The EN-TRACK platform is fed with data from different sources through automated data transfer APIs, uploading data from files or manual data entry. The two project pilots’ data considered for the data model formulation are the Spanish pilot, which consists of information regarding energy consumption from energy bills, applied energy efficiency measures, energy performance certificates, cadaster, electricity consumption, asset management and register of the properties; and the Bulgarian pilot, which comprises building renovation projects financed under various national programs, energy certificates and energy consumption from bills. Both pilots’ data are complemented by manual entry data and open weather data, forming a heterogeneous dataset in different formats, such as spreadsheets, XML, web forms and databases endpoints. EN-TRACK will require a minimum set of essential data necessary to enable the services. By introducing additional optional data, additional services will be enabled for the users.

4.2. Data Model

The data model development started from the identification of the data needs for the implementation of the EN-TRACK functionalities. These comprise the gathering of statistical evidence on the performance of EEI in buildings and provision of services incentivizing the main stakeholders (building owners and operators, financial institutions, and policy makers) to provide the necessary data. The principal service groups include:

• Benchmarking of building energy performance;
• Evaluation of energy savings and financial return from EEMs;
• Benchmarking of EEMs’ performance;
• Recommendations of EEMs.

The concepts recognized during the data definition phase were revised to identify overarching conceptual groups (classes) and their data fields (attributes). In an iterative and incremental process, the classes and attributes were extended by including items for compatibility with third-party databases, such as DEEP, and relevant existing ontologies. Special attention was placed on the taxonomies representing the constrained list of values for enumerated data type. Among many others, a new comprehensive taxonomy of EEMs was developed, for which no standard classification currently exists.
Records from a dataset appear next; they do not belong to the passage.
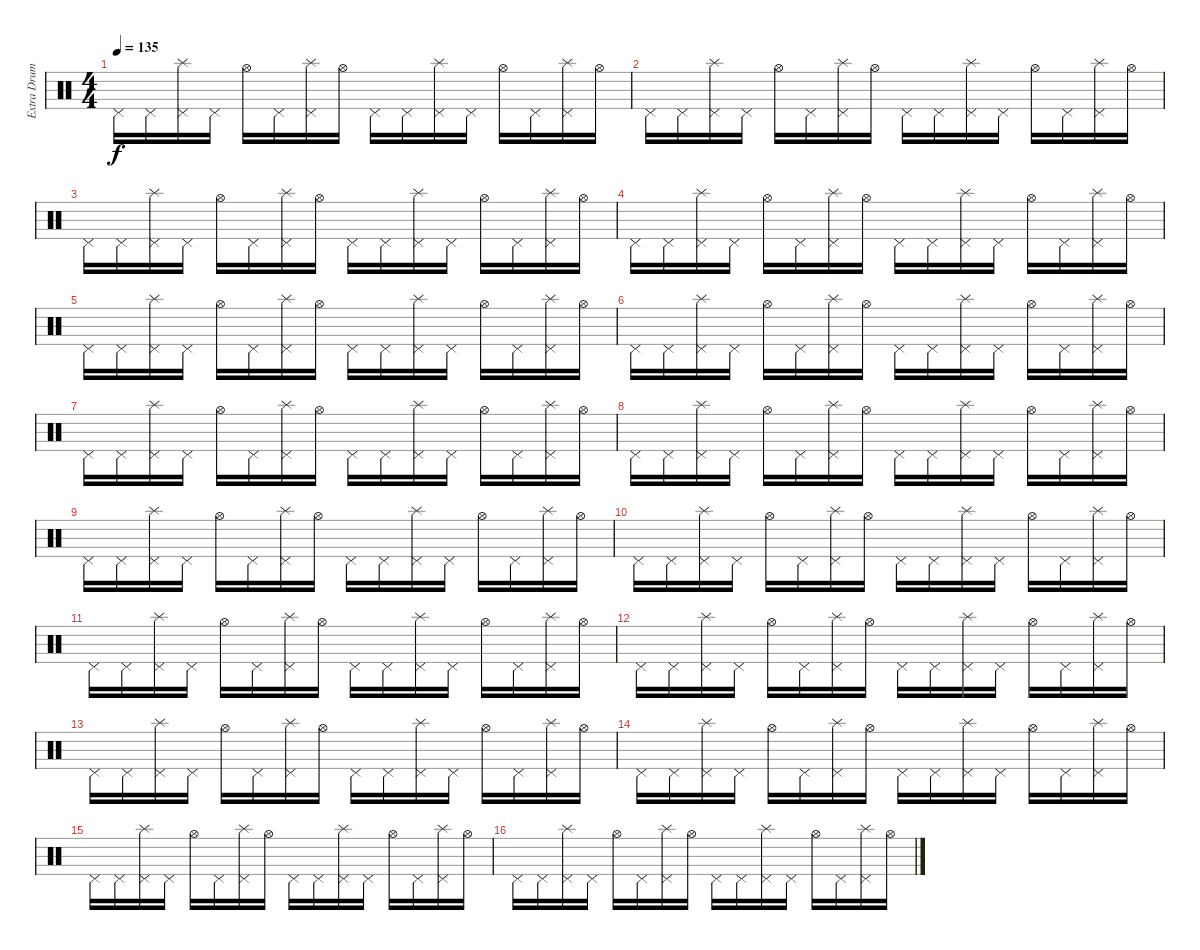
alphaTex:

\track ("Extra Drums" "Extra Drum") {instrument percussion}
\staff {score}
\articulation defaults
\ts (4 4)
\tempo 135
\clef neutral
\ks c "Pedal Hi-Hat (hit)".16{dy f} "Pedal Hi-Hat (hit)".16
("Pedal Hi-Hat (hit)" "Splash (hit)").16 "Pedal Hi-Hat (hit)".16 "Hi-Hat (open)".16 "Pedal Hi-Hat (hit)".16 ("Pedal Hi-Hat (hit)" "Splash (hit)").16 "Hi-Hat (open)".16 "Pedal Hi-Hat (hit)".16 "Pedal Hi-Hat (hit)".16 ("Pedal Hi-Hat (hit)" "Splash (hit)").16 "Pedal Hi-Hat (hit)".16 "Hi-Hat (open)".16 "Pedal Hi-Hat (hit)".16 ("Pedal Hi-Hat (hit)" "Splash (hit)").16 "Hi-Hat (open)".16 |
"Pedal Hi-Hat (hit)".16 "Pedal Hi-Hat (hit)".16 ("Pedal Hi-Hat (hit)" "Splash (hit)").16 "Pedal Hi-Hat (hit)".16 "Hi-Hat (open)".16 "Pedal Hi-Hat (hit)".16 ("Pedal Hi-Hat (hit)" "Splash (hit)").16 "Hi-Hat (open)".16 "Pedal Hi-Hat (hit)".16 "Pedal Hi-Hat (hit)".16 ("Pedal Hi-Hat (hit)" "Splash (hit)").16 "Pedal Hi-Hat (hit)".16 "Hi-Hat (open)".16 "Pedal Hi-Hat (hit)".16 ("Pedal Hi-Hat (hit)" "Splash (hit)").16 "Hi-Hat (open)".16 |
"Pedal Hi-Hat (hit)".16 "Pedal Hi-Hat (hit)".16 ("Pedal Hi-Hat (hit)" "Splash (hit)").16 "Pedal Hi-Hat (hit)".16 "Hi-Hat (open)".16 "Pedal Hi-Hat (hit)".16 ("Pedal Hi-Hat (hit)" "Splash (hit)").16 "Hi-Hat (open)".16 "Pedal Hi-Hat (hit)".16 "Pedal Hi-Hat (hit)".16 ("Pedal Hi-Hat (hit)" "Splash (hit)").16 "Pedal Hi-Hat (hit)".16 "Hi-Hat (open)".16 "Pedal Hi-Hat (hit)".16 ("Pedal Hi-Hat (hit)" "Splash (hit)").16 "Hi-Hat (open)".16 |
"Pedal Hi-Hat (hit)".16 "Pedal Hi-Hat (hit)".16 ("Pedal Hi-Hat (hit)" "Splash (hit)").16 "Pedal Hi-Hat (hit)".16 "Hi-Hat (open)".16 "Pedal Hi-Hat (hit)".16 ("Pedal Hi-Hat (hit)" "Splash (hit)").16 "Hi-Hat (open)".16 "Pedal Hi-Hat (hit)".16 "Pedal Hi-Hat (hit)".16 ("Pedal Hi-Hat (hit)" "Splash (hit)").16 "Pedal Hi-Hat (hit)".16 "Hi-Hat (open)".16 "Pedal Hi-Hat (hit)".16 ("Pedal Hi-Hat (hit)" "Splash (hit)").16 "Hi-Hat (open)".16 |
"Pedal Hi-Hat (hit)".16 "Pedal Hi-Hat (hit)".16 ("Pedal Hi-Hat (hit)" "Splash (hit)").16 "Pedal Hi-Hat (hit)".16 "Hi-Hat (open)".16 "Pedal Hi-Hat (hit)".16 ("Pedal Hi-Hat (hit)" "Splash (hit)").16 "Hi-Hat (open)".16 "Pedal Hi-Hat (hit)".16 "Pedal Hi-Hat (hit)".16 ("Pedal Hi-Hat (hit)" "Splash (hit)").16 "Pedal Hi-Hat (hit)".16 "Hi-Hat (open)".16 "Pedal Hi-Hat (hit)".16 ("Pedal Hi-Hat (hit)" "Splash (hit)").16 "Hi-Hat (open)".16 |
"Pedal Hi-Hat (hit)".16 "Pedal Hi-Hat (hit)".16 ("Pedal Hi-Hat (hit)" "Splash (hit)").16 "Pedal Hi-Hat (hit)".16 "Hi-Hat (open)".16 "Pedal Hi-Hat (hit)".16 ("Pedal Hi-Hat (hit)" "Splash (hit)").16 "Hi-Hat (open)".16 "Pedal Hi-Hat (hit)".16 "Pedal Hi-Hat (hit)".16 ("Pedal Hi-Hat (hit)" "Splash (hit)").16 "Pedal Hi-Hat (hit)".16 "Hi-Hat (open)".16 "Pedal Hi-Hat (hit)".16 ("Pedal Hi-Hat (hit)" "Splash (hit)").16 "Hi-Hat (open)".16 |
"Pedal Hi-Hat (hit)".16 "Pedal Hi-Hat (hit)".16 ("Pedal Hi-Hat (hit)" "Splash (hit)").16 "Pedal Hi-Hat (hit)".16 "Hi-Hat (open)".16 "Pedal Hi-Hat (hit)".16 ("Pedal Hi-Hat (hit)" "Splash (hit)").16 "Hi-Hat (open)".16 "Pedal Hi-Hat (hit)".16 "Pedal Hi-Hat (hit)".16 ("Pedal Hi-Hat (hit)" "Splash (hit)").16 "Pedal Hi-Hat (hit)".16 "Hi-Hat (open)".16 "Pedal Hi-Hat (hit)".16 ("Pedal Hi-Hat (hit)" "Splash (hit)").16 "Hi-Hat (open)".16 |
"Pedal Hi-Hat (hit)".16 "Pedal Hi-Hat (hit)".16 ("Pedal Hi-Hat (hit)" "Splash (hit)").16 "Pedal Hi-Hat (hit)".16 "Hi-Hat (open)".16 "Pedal Hi-Hat (hit)".16 ("Pedal Hi-Hat (hit)" "Splash (hit)").16 "Hi-Hat (open)".16 "Pedal Hi-Hat (hit)".16 "Pedal Hi-Hat (hit)".16 ("Pedal Hi-Hat (hit)" "Splash (hit)").16 "Pedal Hi-Hat (hit)".16 "Hi-Hat (open)".16 "Pedal Hi-Hat (hit)".16 ("Pedal Hi-Hat (hit)" "Splash (hit)").16 "Hi-Hat (open)".16 |
"Pedal Hi-Hat (hit)".16 "Pedal Hi-Hat (hit)".16 ("Pedal Hi-Hat (hit)" "Splash (hit)").16 "Pedal Hi-Hat (hit)".16 "Hi-Hat (open)".16 "Pedal Hi-Hat (hit)".16 ("Pedal Hi-Hat (hit)" "Splash (hit)").16 "Hi-Hat (open)".16 "Pedal Hi-Hat (hit)".16 "Pedal Hi-Hat (hit)".16 ("Pedal Hi-Hat (hit)" "Splash (hit)").16 "Pedal Hi-Hat (hit)".16 "Hi-Hat (open)".16 "Pedal Hi-Hat (hit)".16 ("Pedal Hi-Hat (hit)" "Splash (hit)").16 "Hi-Hat (open)".16 |
"Pedal Hi-Hat (hit)".16 "Pedal Hi-Hat (hit)".16 ("Pedal Hi-Hat (hit)" "Splash (hit)").16 "Pedal Hi-Hat (hit)".16 "Hi-Hat (open)".16 "Pedal Hi-Hat (hit)".16 ("Pedal Hi-Hat (hit)" "Splash (hit)").16 "Hi-Hat (open)".16 "Pedal Hi-Hat (hit)".16 "Pedal Hi-Hat (hit)".16 ("Pedal Hi-Hat (hit)" "Splash (hit)").16 "Pedal Hi-Hat (hit)".16 "Hi-Hat (open)".16 "Pedal Hi-Hat (hit)".16 ("Pedal Hi-Hat (hit)" "Splash (hit)").16 "Hi-Hat (open)".16 |
"Pedal Hi-Hat (hit)".16 "Pedal Hi-Hat (hit)".16 ("Pedal Hi-Hat (hit)" "Splash (hit)").16 "Pedal Hi-Hat (hit)".16 "Hi-Hat (open)".16 "Pedal Hi-Hat (hit)".16 ("Pedal Hi-Hat (hit)" "Splash (hit)").16 "Hi-Hat (open)".16 "Pedal Hi-Hat (hit)".16 "Pedal Hi-Hat (hit)".16 ("Pedal Hi-Hat (hit)" "Splash (hit)").16 "Pedal Hi-Hat (hit)".16 "Hi-Hat (open)".16 "Pedal Hi-Hat (hit)".16 ("Pedal Hi-Hat (hit)" "Splash (hit)").16 "Hi-Hat (open)".16 |
"Pedal Hi-Hat (hit)".16 "Pedal Hi-Hat (hit)".16 ("Pedal Hi-Hat (hit)" "Splash (hit)").16 "Pedal Hi-Hat (hit)".16 "Hi-Hat (open)".16 "Pedal Hi-Hat (hit)".16 ("Pedal Hi-Hat (hit)" "Splash (hit)").16 "Hi-Hat (open)".16 "Pedal Hi-Hat (hit)".16 "Pedal Hi-Hat (hit)".16 ("Pedal Hi-Hat (hit)" "Splash (hit)").16 "Pedal Hi-Hat (hit)".16 "Hi-Hat (open)".16 "Pedal Hi-Hat (hit)".16 ("Pedal Hi-Hat (hit)" "Splash (hit)").16 "Hi-Hat (open)".16 |
"Pedal Hi-Hat (hit)".16 "Pedal Hi-Hat (hit)".16 ("Pedal Hi-Hat (hit)" "Splash (hit)").16 "Pedal Hi-Hat (hit)".16 "Hi-Hat (open)".16 "Pedal Hi-Hat (hit)".16 ("Pedal Hi-Hat (hit)" "Splash (hit)").16 "Hi-Hat (open)".16 "Pedal Hi-Hat (hit)".16 "Pedal Hi-Hat (hit)".16 ("Pedal Hi-Hat (hit)" "Splash (hit)").16 "Pedal Hi-Hat (hit)".16 "Hi-Hat (open)".16 "Pedal Hi-Hat (hit)".16 ("Pedal Hi-Hat (hit)" "Splash (hit)").16 "Hi-Hat (open)".16 |
"Pedal Hi-Hat (hit)".16 "Pedal Hi-Hat (hit)".16 ("Pedal Hi-Hat (hit)" "Splash (hit)").16 "Pedal Hi-Hat (hit)".16 "Hi-Hat (open)".16 "Pedal Hi-Hat (hit)".16 ("Pedal Hi-Hat (hit)" "Splash (hit)").16 "Hi-Hat (open)".16 "Pedal Hi-Hat (hit)".16 "Pedal Hi-Hat (hit)".16 ("Pedal Hi-Hat (hit)" "Splash (hit)").16 "Pedal Hi-Hat (hit)".16 "Hi-Hat (open)".16 "Pedal Hi-Hat (hit)".16 ("Pedal Hi-Hat (hit)" "Splash (hit)").16 "Hi-Hat (open)".16 |
"Pedal Hi-Hat (hit)".16 "Pedal Hi-Hat (hit)".16 ("Pedal Hi-Hat (hit)" "Splash (hit)").16 "Pedal Hi-Hat (hit)".16 "Hi-Hat (open)".16 "Pedal Hi-Hat (hit)".16 ("Pedal Hi-Hat (hit)" "Splash (hit)").16 "Hi-Hat (open)".16 "Pedal Hi-Hat (hit)".16 "Pedal Hi-Hat (hit)".16 ("Pedal Hi-Hat (hit)" "Splash (hit)").16 "Pedal Hi-Hat (hit)".16 "Hi-Hat (open)".16 "Pedal Hi-Hat (hit)".16 ("Pedal Hi-Hat (hit)" "Splash (hit)").16 "Hi-Hat (open)".16 |
"Pedal Hi-Hat (hit)".16 "Pedal Hi-Hat (hit)".16 ("Pedal Hi-Hat (hit)" "Splash (hit)").16 "Pedal Hi-Hat (hit)".16 "Hi-Hat (open)".16 "Pedal Hi-Hat (hit)".16 ("Pedal Hi-Hat (hit)" "Splash (hit)").16 "Hi-Hat (open)".16 "Pedal Hi-Hat (hit)".16 "Pedal Hi-Hat (hit)".16 ("Pedal Hi-Hat (hit)" "Splash (hit)").16 "Pedal Hi-Hat (hit)".16 "Hi-Hat (open)".16 "Pedal Hi-Hat (hit)".16 ("Pedal Hi-Hat (hit)" "Splash (hit)").16 "Hi-Hat (open)".16

Once a wider picture of the classes was established, the data structure was designed in a unified modelling language (UML) diagram representing the classes’ relationships and cardinalities, as seen in Figure 2. Despite the resemblance to a high complexity model, every single class and attribute has been studied and is supported by ontological artifacts. This model doesn’t represent a final version and is meant to evolve and be extended over the time. The aforementioned methodology has enough flexibility and its application will ensure retro-compatibility with previous versions.

5. Discussion and Conclusions

A methodology for the development of EN-TRACK’s data model was successfully defined, which will also cover future iterations on the data model. Given that the model is planned to be extensible for capturing additional use cases and data inputs, the data modeling process would require updates periodically.

By making use of semantic artifacts (ontologies and dictionaries), the development of an inter-operable common data model is possible. Features of the semantic technologies will enable us to match data fields in the data model implementation phase.